# generating pilot sub-carriers in matlab

I wanted to simulate OFDM system in MATLAB. I'm using Fixed WiMAX OFDM parameters in my simulation, where the number of data sub-carriers are 192, number of Pilot sub-carriers are 8, number Null sub-carriers are 56. Null tones can be obtained in MATLAB by generating zero matrix with the required rows and columns.

% Null subcarrier:
msg(1,1:100)=0;


similarly, for data subcarriers, digitally modulated data is sent.

% Data subcarrier:
msg(2,1:100)= 1*sign(randn(1,100)) + i*sign(randn(1,100));


my question is, what type of data could I send for Pilot tones?? all books and literature I have read says that: Pilot tones are just known data. What type of Known data are the Pilot tones? What kind of data should I send in my specific problem? Please, clarify.

• Do I fail to see the question here? You calculate their value according to the standard and set the eight subcarriers of the OFDM symbol where they need to go to those values.
– jan
Apr 6, 2014 at 10:10

## Principle

The pilot tone/subcarrier (short: pilot) modulation for WiMax is specified in section 8.3.3.4.2 of IEEE standard 802.16-2004, which is available on the IEEE site. The data bits transmitted on the pilots are defined by a pseudo-random binary sequence (PRBS) $w_k$ of which the polynomial is given by $X^{11}+X^9+1$. The index $k$ stands for the OFDM symbol number and the the pilot tones are modulated using binary phase shift keying (BPSK), i.e. the subcarrier value is either $-A$ or $A$. The detailed allocation of BPSK symbols can be taken from the following equations that I have copied from the above-cited standard

As the energy of all subcarriers shall be equal and as you're using the symbol alphabet $\{1+j, 1-j, -1+j, -1-j\}$ with symbol energy $\sqrt{1^2+1^2}=\sqrt 2$ it must hold $A=\sqrt 2$.

## Example

The sequence for pilots in the uplink is $w_k=1,\ldots$ and the modulation of subcarriers in the first OFDM symbol ($k=0$) is given by

subcarrier index  value
----------------  -----
-88               -A
-63                A
-38               -A
-13                A
13               -A
38               -A
63               -A
88               -A


## Implementation

Create the sequence $w_k$ and create the BPSK symbols according to the above principle for every $k$. Then assign these values to the pilot subcarriers of every OFDM symbol. If rigorous accordance to the standard is not required you can just make up any random sequence of BPSK symbols and allocate them to the pilot subcarriers. Note that the pilot subcarrier allocation might be different depending on the version of the standard, uplink/downlink and PUSC/FUSC.

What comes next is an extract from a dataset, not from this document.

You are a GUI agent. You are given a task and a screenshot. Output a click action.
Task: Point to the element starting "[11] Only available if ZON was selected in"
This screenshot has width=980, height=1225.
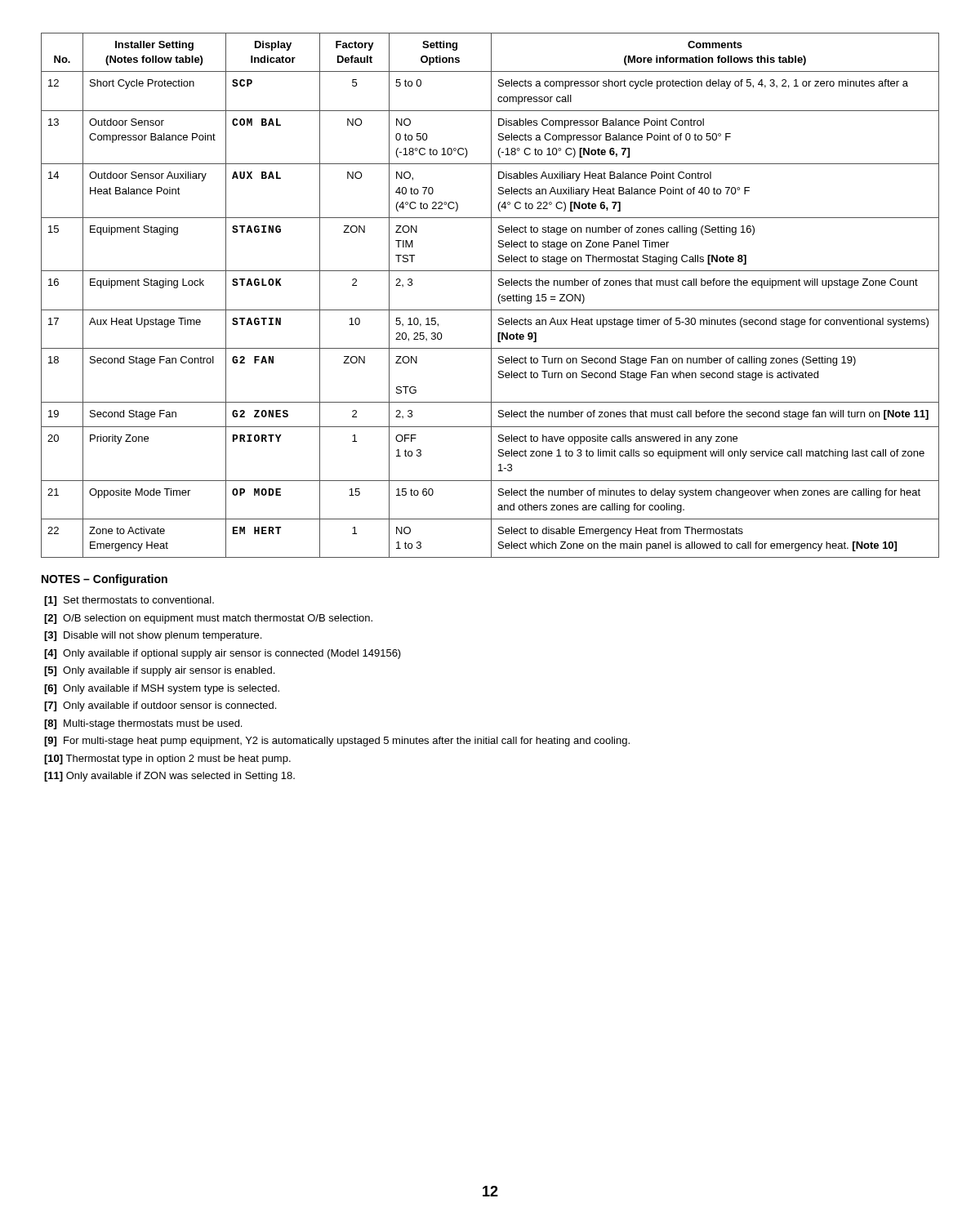coord(170,776)

In your case, each OFDM symbol contains 256 sub-carriers. Store the pilot values for a OFDM symbol at time instant $n$ in an $8 \times 1$ array say V. Also, you have the positions of the pilot carriers stored in a array say, P. Let the OF(:,n) represent the $256 \times 1$ OFDM symbol at time n.

Then you can assign the pilot values V to the corresponding pilot positions P in the OFDM symbol at time n as

OF(P,n)=V


in MATLAB. I hope this helps you a bit.